Nous commençons une vie déjà programmée avec des penchants et des inclinations qui forment le psychisme inné et le caractère. Et puis commence, depuis le moment de la naissance, l’influence de notre environnement, quand les parents, les maîtres et les amis impriment leurs manières et leurs attitudes sur nos âmes. Enfin, une troisième et dominante influence s’exerce lorsque l’on atteint la maturité intellectuelle :

seul l’homme, dans la création de D.ieu, a été nanti d’un intellect objectif avec lequel il peut, dans une grande mesure, choisir les stimuli auxquels il sera exposé et la manière dont il en sera affecté. Avec son esprit, il a la force de se développer au-delà et même à l’inverse de son moi génétique et conditionné.

C’est là le sens plus profond des mots « ta terre », « ton lieu de naissance » et « la maison de ton père ».

Dans l’appel de D.ieu à Abraham. « Erets », le mot hébreu pour « pays » et « terre » est étymologiquement lié au mot « Ratsone » qui signifie « volonté » et « désir » ; c’est pourquoi « ton pays » se traduit aussi par « tes désirs naturels ». « Ton pays natal », « Moladeté’ha », est une référence à l’influence de la maison et de la société. Et « Beth Avi’ha » : « la maison de ton père » se réfère à l’homme comme être mûr et rationnel, forgeant sa tournure d’esprit, son caractère et son comportement avec l’objectivité transcendante de son intellect.

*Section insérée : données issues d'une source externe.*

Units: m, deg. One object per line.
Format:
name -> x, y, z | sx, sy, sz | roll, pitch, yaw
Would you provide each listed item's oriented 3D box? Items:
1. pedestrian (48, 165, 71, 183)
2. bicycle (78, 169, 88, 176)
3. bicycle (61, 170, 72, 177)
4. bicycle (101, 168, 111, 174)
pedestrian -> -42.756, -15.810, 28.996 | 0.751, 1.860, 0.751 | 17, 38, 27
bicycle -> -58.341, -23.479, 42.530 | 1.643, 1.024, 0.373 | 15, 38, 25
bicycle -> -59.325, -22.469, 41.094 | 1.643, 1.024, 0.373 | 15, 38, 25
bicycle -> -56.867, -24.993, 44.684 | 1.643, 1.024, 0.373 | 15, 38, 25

Selon les critères conventionnels, cela constitue l’étape ultime de l’accomplissement humain : le développement de ses instincts naturels, l’assimilation de vérités apprises et observées, et la transformation du moi à travers l’arbitrage objectif de l’esprit.

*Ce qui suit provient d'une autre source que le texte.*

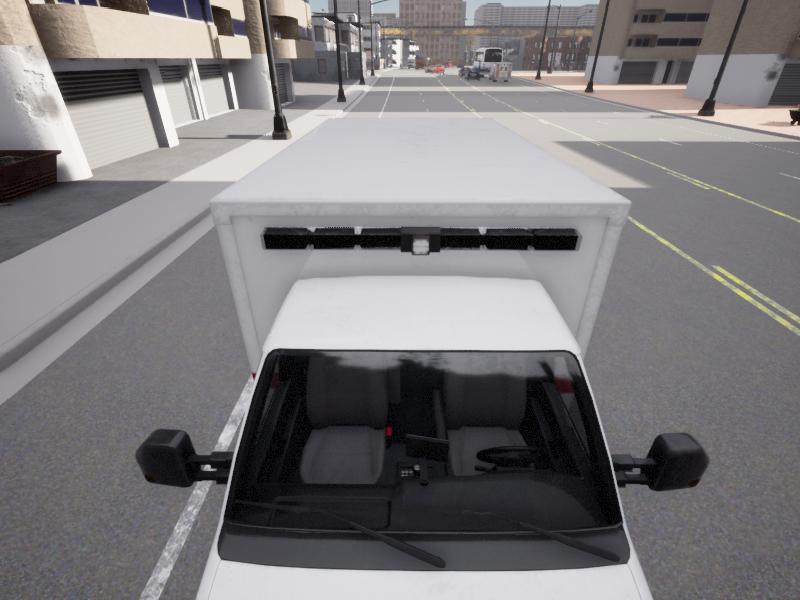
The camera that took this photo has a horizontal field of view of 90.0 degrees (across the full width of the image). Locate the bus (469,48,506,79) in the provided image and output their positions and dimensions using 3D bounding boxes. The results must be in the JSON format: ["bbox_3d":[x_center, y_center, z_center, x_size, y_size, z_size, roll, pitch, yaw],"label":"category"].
[{"bbox_3d":[14.676,-40.329,67.956,3.944,4.253,10.273,0,32,0],"label":"bus"}]

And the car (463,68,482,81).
[{"bbox_3d":[11.227,-35.003,62.116,2.128,1.511,4.902,0,32,0],"label":"car"}]

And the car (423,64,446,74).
[{"bbox_3d":[7.073,-47.207,81.728,2.242,1.667,4.611,26,40,36],"label":"car"}]

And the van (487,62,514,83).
[{"bbox_3d":[14.701,-33.726,59.163,2.351,2.431,6.366,0,32,0],"label":"van"}]

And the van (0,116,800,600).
[{"bbox_3d":[0.111,0.010,3.603,2.351,2.431,6.366,0,30,0],"label":"van"}]

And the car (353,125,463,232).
[{"bbox_3d":[0.183,-3.330,10.226,2.128,1.511,4.902,0,30,0],"label":"car"}]

En réalité, pourtant, l’intellect est encore une partie de notre humanité, restant toujours sujet aux déficiences et aux limites de l’état d’homme ; alors qu’il peut surmonter les limites de ce qui est inné ou marquant, l’intellect n’est jamais véritablement libre de l’ego et de ses préjugés.

Mais il existe un moi plus élevé pour l’homme, un moi libre de toutes les limites de l’être humain. C’est l’étincelle de divinité qui est au cœur de son âme : l’essence divine que D.ieu a insufflée en lui, l’image de D.ieu selon laquelle il a été créé : le « Erets » que D.ieu a promis de montrer à Abraham.

Dans son itinéraire de découverte, Abraham dut quitter « le pays, le lieu de naissance », la maison paternelle de sa Mésopotamie natale ; il rejeta bien évidemment la culture païenne de Our Kasdim et de ‘Haran.

Mais ce n’est pas de ce départ dont D.ieu parle. Abraham reçut cet appel dans sa huitième décennie ; de nombreuses années après avoir renoncé au mode de vie païen de sa famille, de son lieu de naissance, reconnu D.ieu et exercé une profonde influence sur sa société.

Et pourtant, il reçut un ordre: « Pars !  Sors de ta nature, sors de tes habitudes, sors de ta logique.

Après avoir rejeté tes origines négatives et idolâtres, tu dois maintenant aussi transcender ton passé positif. Dépasse-toi même si tu es déjà parfait. La perfection humaine n’est pas suffisante».

Car tout accomplissement humain, fut-il intellectuel, reste limité et circonscrit à la nature humaine. Tel fut donc le premier commandement divin au premier Juif : « sors de tes limites pour accéder au « moi » que seul Moi Je peux te montrer, ce moi qui fait corps avec Moi ».